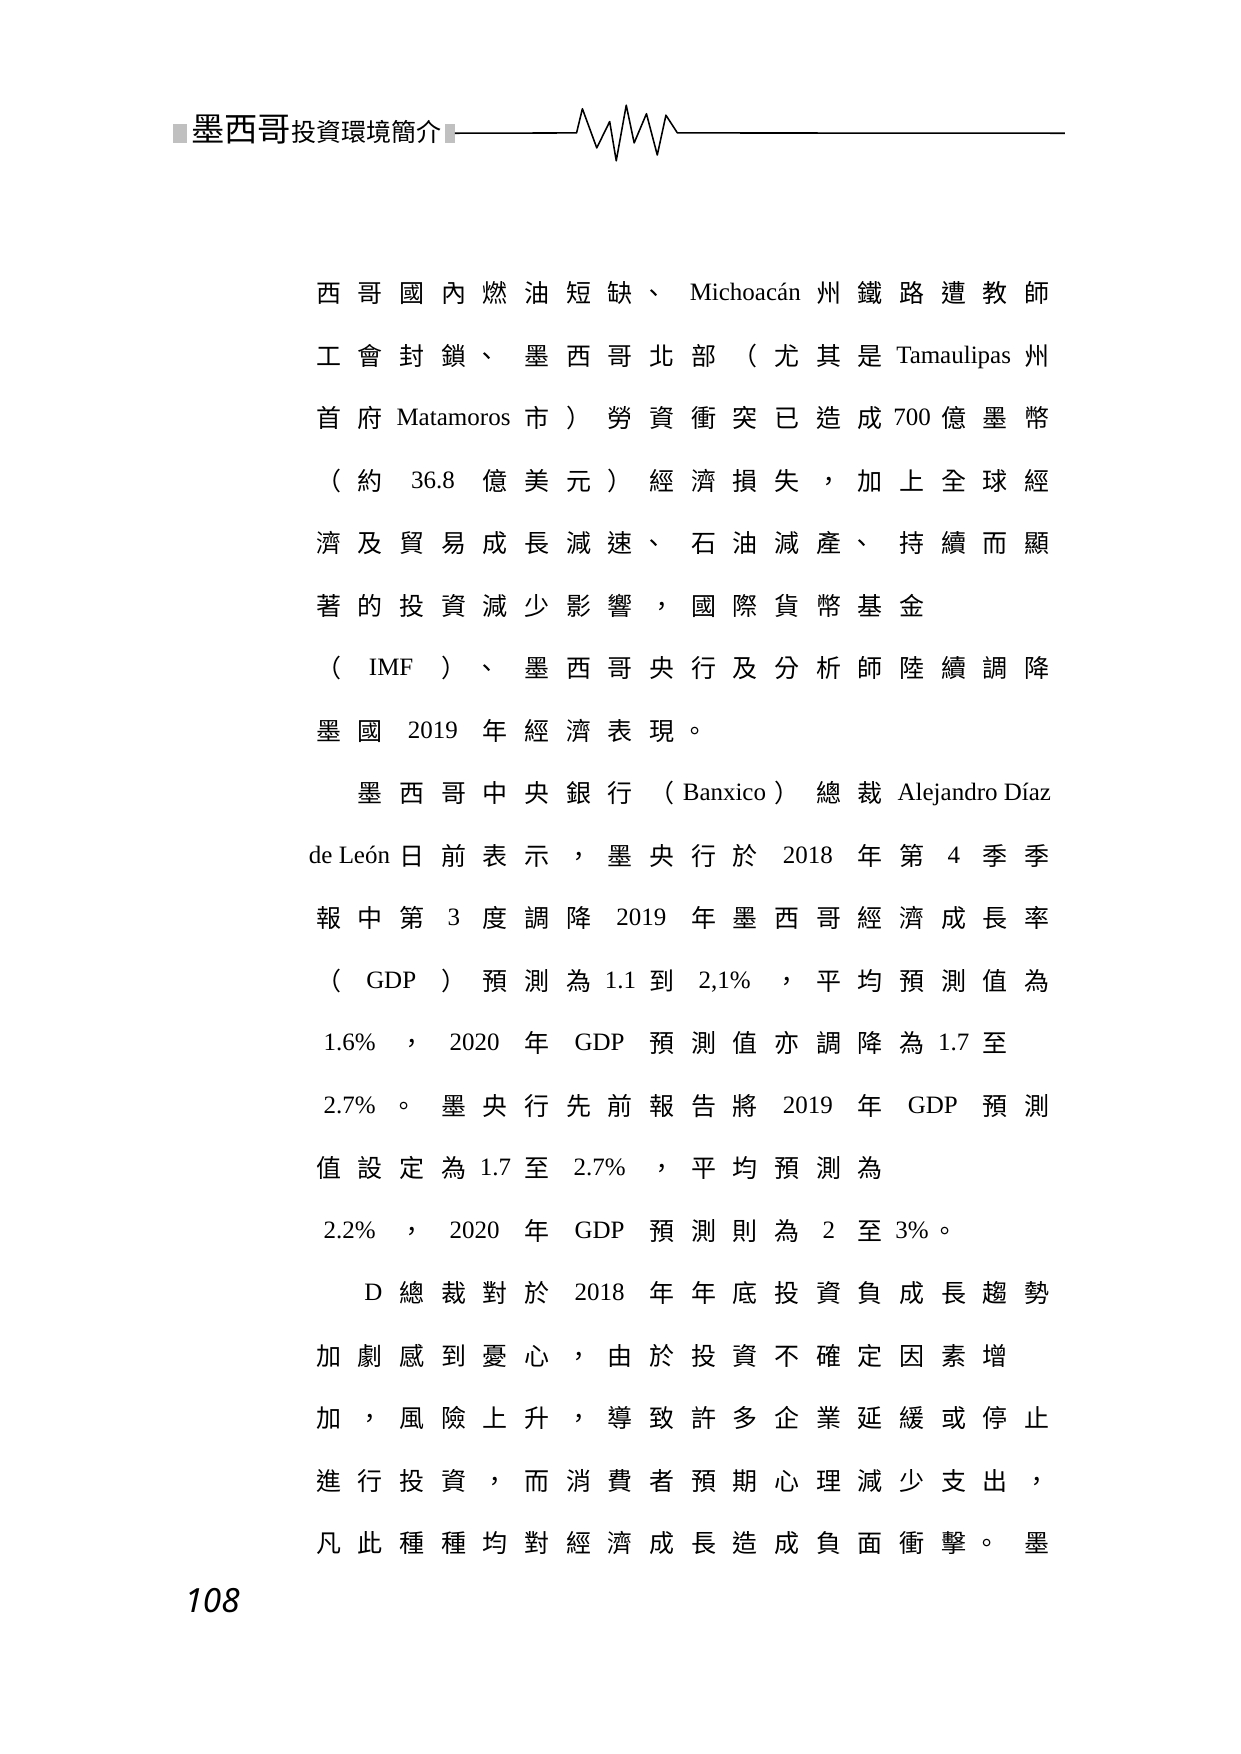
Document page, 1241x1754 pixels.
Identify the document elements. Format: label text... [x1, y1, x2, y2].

text D總裁對於2018年年底投資負成長趨勢加劇感到憂心，由於投資不確定因素增加，風險上升，導致許多企業延緩或停止進行投資，而消費者預期心理減少支出，凡此種種均對經濟成長造成負面衝擊。墨 [281, 1250, 1058, 1563]
text 西哥國內燃油短缺、Michoacán州鐵路遭教師工會封鎖、墨西哥北部（尤其是Tamaulipas州首府Matamoros市）勞資衝突已造成700億墨幣（約36.8億美元）經濟損失，加上全球經濟及貿易成長減速、石油減產、持續而顯著的投資減少影響，國際貨幣基金（IMF）、墨西哥央行及分析師陸續調降墨國2019年經濟表現。 [281, 250, 1058, 750]
text 墨西哥中央銀行（Banxico）總裁Alejandro Díaz de León日前表示，墨央行於2018年第4季季報中第3度調降2019年墨西哥經濟成長率（GDP）預測為1.1到2,1%，平均預測值為1.6%，2020年GDP預測值亦調降為1.7至2.7%。墨央行先前報告將2019年GDP預測值設定為1.7至2.7%，平均預測為2.2%，2020年GDP預測則為2至3%。 [281, 750, 1058, 1250]
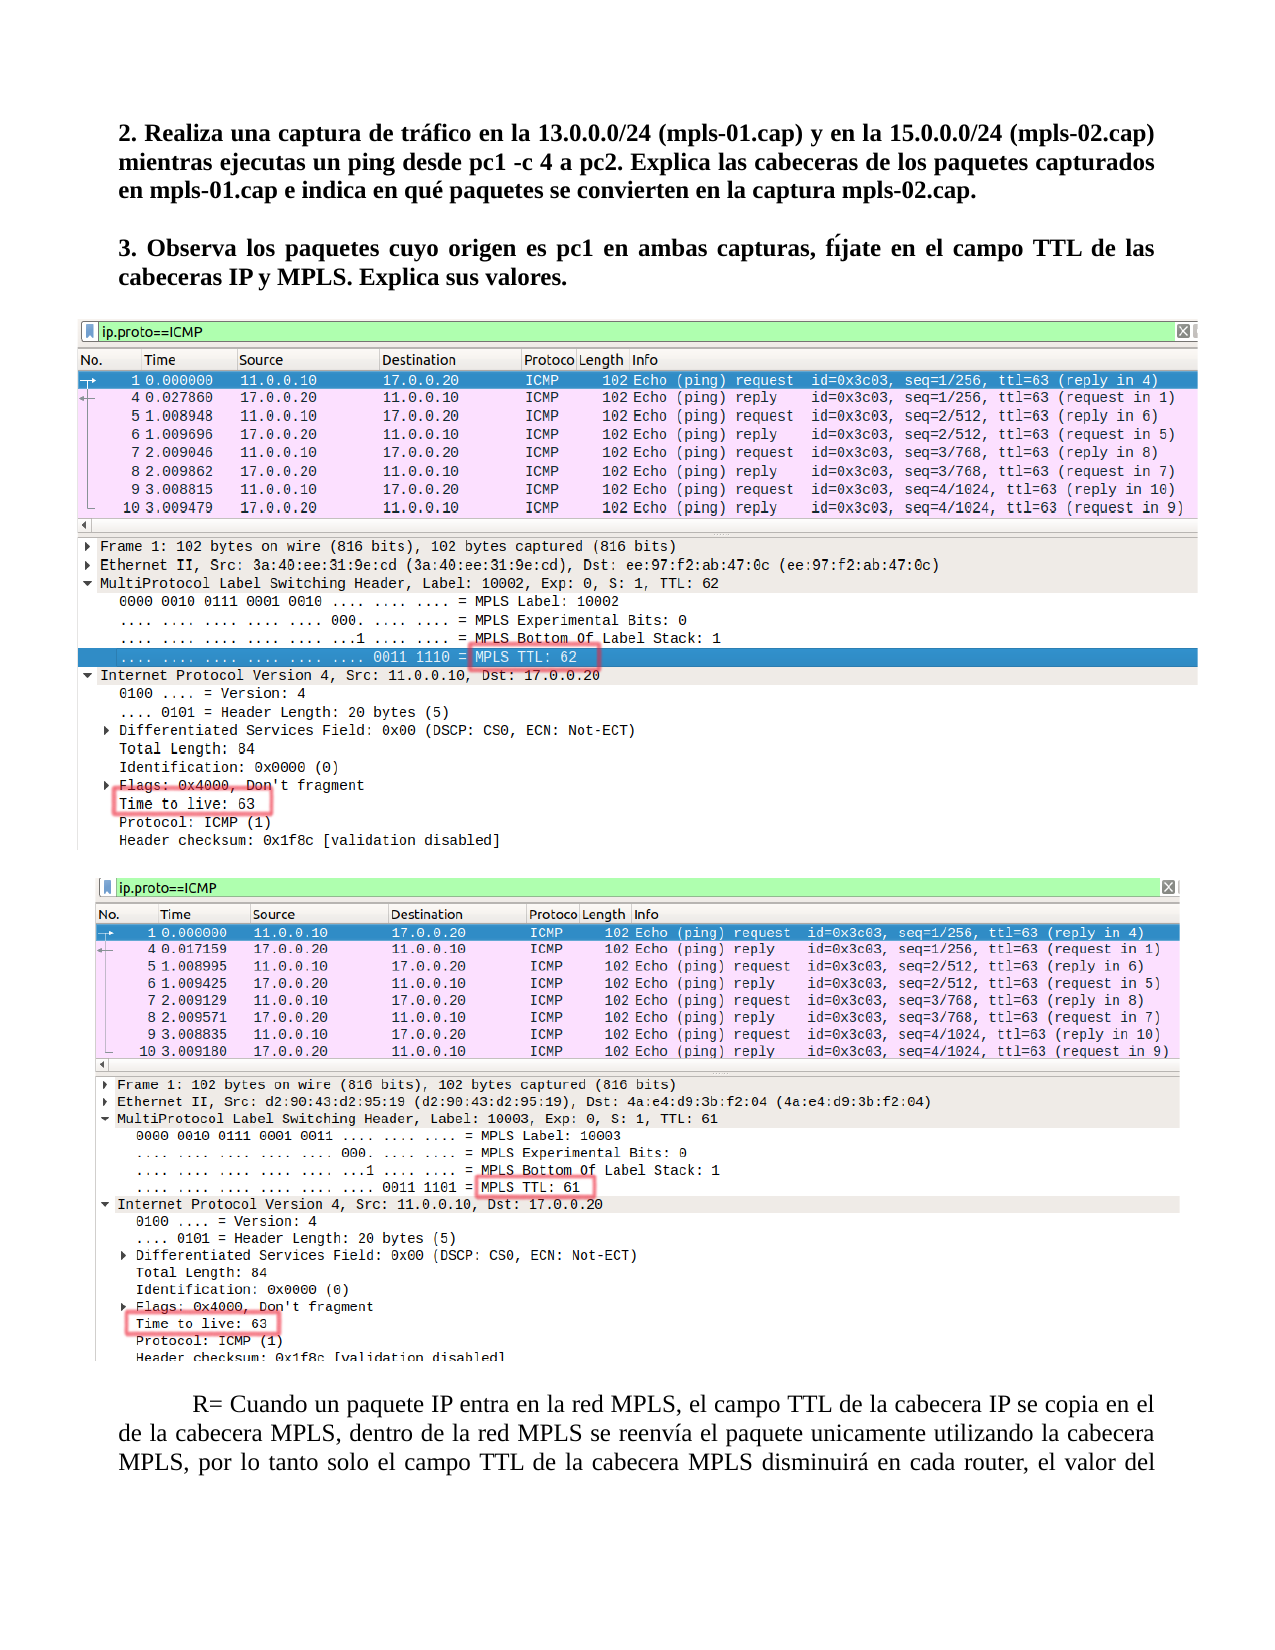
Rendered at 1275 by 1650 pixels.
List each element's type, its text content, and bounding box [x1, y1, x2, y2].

text 2. Realiza una captura de tráfico en la 13.0.0.0/24 (mpls-01.cap) y en la 15.0.0.0/24 (mpls-02.cap) mientras ejecutas un ping desde pc1 -c 4 a pc2. Explica las cabeceras de los paquetes capturados en mpls-01.cap e indica en qué paquetes se convierten en la captura mpls-02.cap. [118, 118, 1157, 204]
text 3. Observa los paquetes cuyo origen es pc1 en ambas capturas, fı́jate en el campo TTL de las cabeceras IP y MPLS. Explica sus valores. [118, 233, 1157, 291]
picture [77, 319, 1198, 850]
picture [95, 878, 1180, 1361]
text R= Cuando un paquete IP entra en la red MPLS, el campo TTL de la cabecera IP se copia en el de la cabecera MPLS, dentro de la red MPLS se reenvía el paquete unicamente utilizando la cabecera MPLS, por lo tanto solo el campo TTL de la cabecera MPLS disminuirá en cada router, el valor del [118, 1389, 1157, 1476]

+++

Instructions to follow: Only lines containing the string "cabeceras" are needed. Pull each of them out of the records above.

Task response:
text 2. Realiza una captura de tráfico en la 13.0.0.0/24 (mpls-01.cap) y en la 15.0.0.0/24 (mpls-02.cap) mientras ejecutas un ping desde pc1 -c 4 a pc2. Explica las cabeceras de los paquetes capturados en mpls-01.cap e indica en qué paquetes se convierten en la captura mpls-02.cap. [118, 118, 1157, 204]
text 3. Observa los paquetes cuyo origen es pc1 en ambas capturas, fı́jate en el campo TTL de las cabeceras IP y MPLS. Explica sus valores. [118, 233, 1157, 291]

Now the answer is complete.